RFC 7919, "Negotiated Finite Field Diffie-Hellman Ephemeral Parameters for Transport Layer Security (TLS)", August 2016

Source of RFC: tls (sec)

Errata ID: 4908

Status: Reported
Type: Technical

Reported By: Martin Thomson
Date Reported: 2017-01-16

Section 4 says:

   If a compatible TLS server receives a Supported Groups extension from
   a client that includes any FFDHE group (i.e., any codepoint between
   256 and 511, inclusive, even if unknown to the server), and if none
   of the client-proposed FFDHE groups are known and acceptable to the
   server, then the server MUST NOT select an FFDHE cipher suite.  In
   this case, the server SHOULD select an acceptable non-FFDHE cipher
   suite from the client's offered list.  If the extension is present
   with FFDHE groups, none of the client's offered groups are acceptable
   by the server, and none of the client's proposed non-FFDHE cipher
   suites are acceptable to the server, the server MUST end the
   connection with a fatal TLS alert of type insufficient_security(71).

It should say:

   If a compatible TLS server receives a Supported Groups extension from
   a client that includes any FFDHE group (i.e., any codepoint between
   256 and 511, inclusive, even if unknown to the server), and if none
   of the client-proposed FFDHE groups are known and acceptable to the
   server, then the server MUST NOT select an FFDHE cipher suite.  In
   this case, the server SHOULD select an acceptable non-FFDHE cipher
   suite from the client's offered list.

Notes:

The text is overly prescriptive about the alert code that needs to used if there are no acceptable cipher suites available.
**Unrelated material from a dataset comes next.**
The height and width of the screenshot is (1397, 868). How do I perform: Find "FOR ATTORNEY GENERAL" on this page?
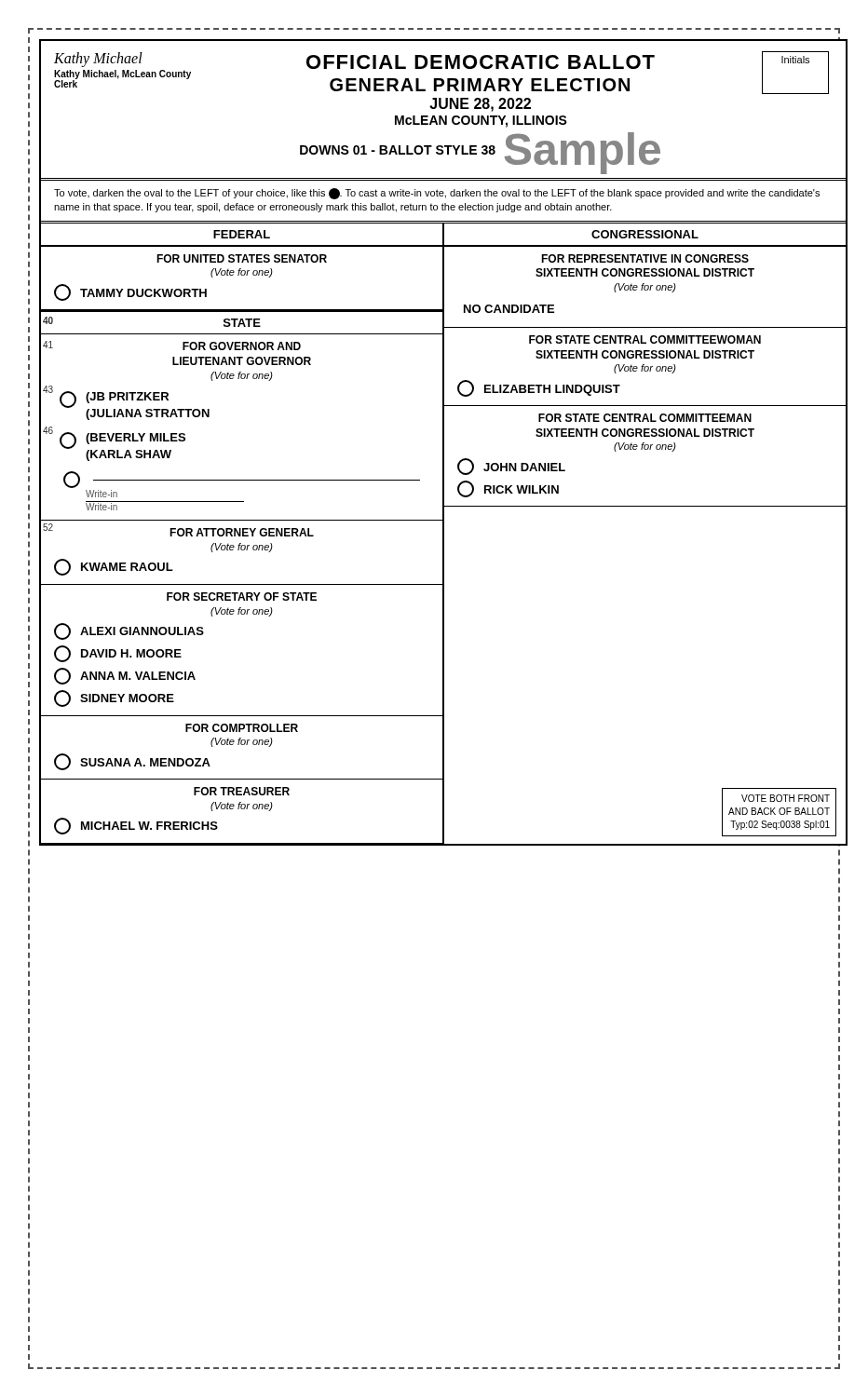(242, 533)
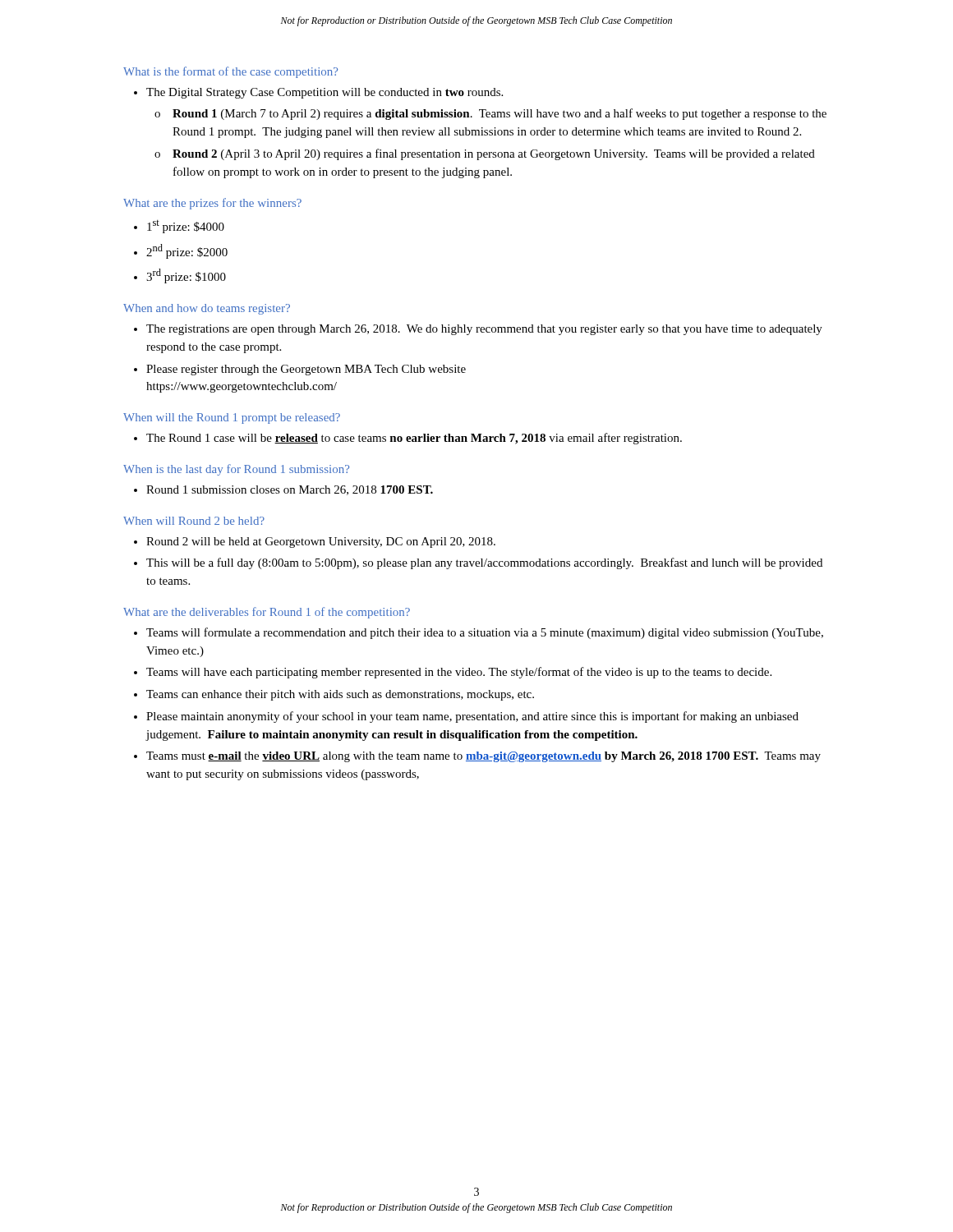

If the server is unable to pick a cipher suite, it can send a handshake_failure(40) alert, which this text would prohibit. handshake_failure is at least equally valid in practice.

This eliminates the prescriptive text about the alert type.
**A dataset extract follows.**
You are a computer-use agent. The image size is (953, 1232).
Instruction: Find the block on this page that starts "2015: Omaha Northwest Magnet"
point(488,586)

Servers eliminate cipher suites from considerations in numerous ways. Being able to definitively identify the reason as a (perceived) shortcoming in the strength of the offered security is actually quite challenging in practice.

It's true that insufficient_security is perhaps a more desirable code to use in this case, but it's not generically possible to determine that the server configuration is "more secure" than the combinations on offer by the client. Consider also the possibility that it's the server that is insecure because it doesn't some of the options offered by the client. That's a general criticism of the value of insufficient_security, but it should at least motivate why insufficient_security should never be mandated in this way.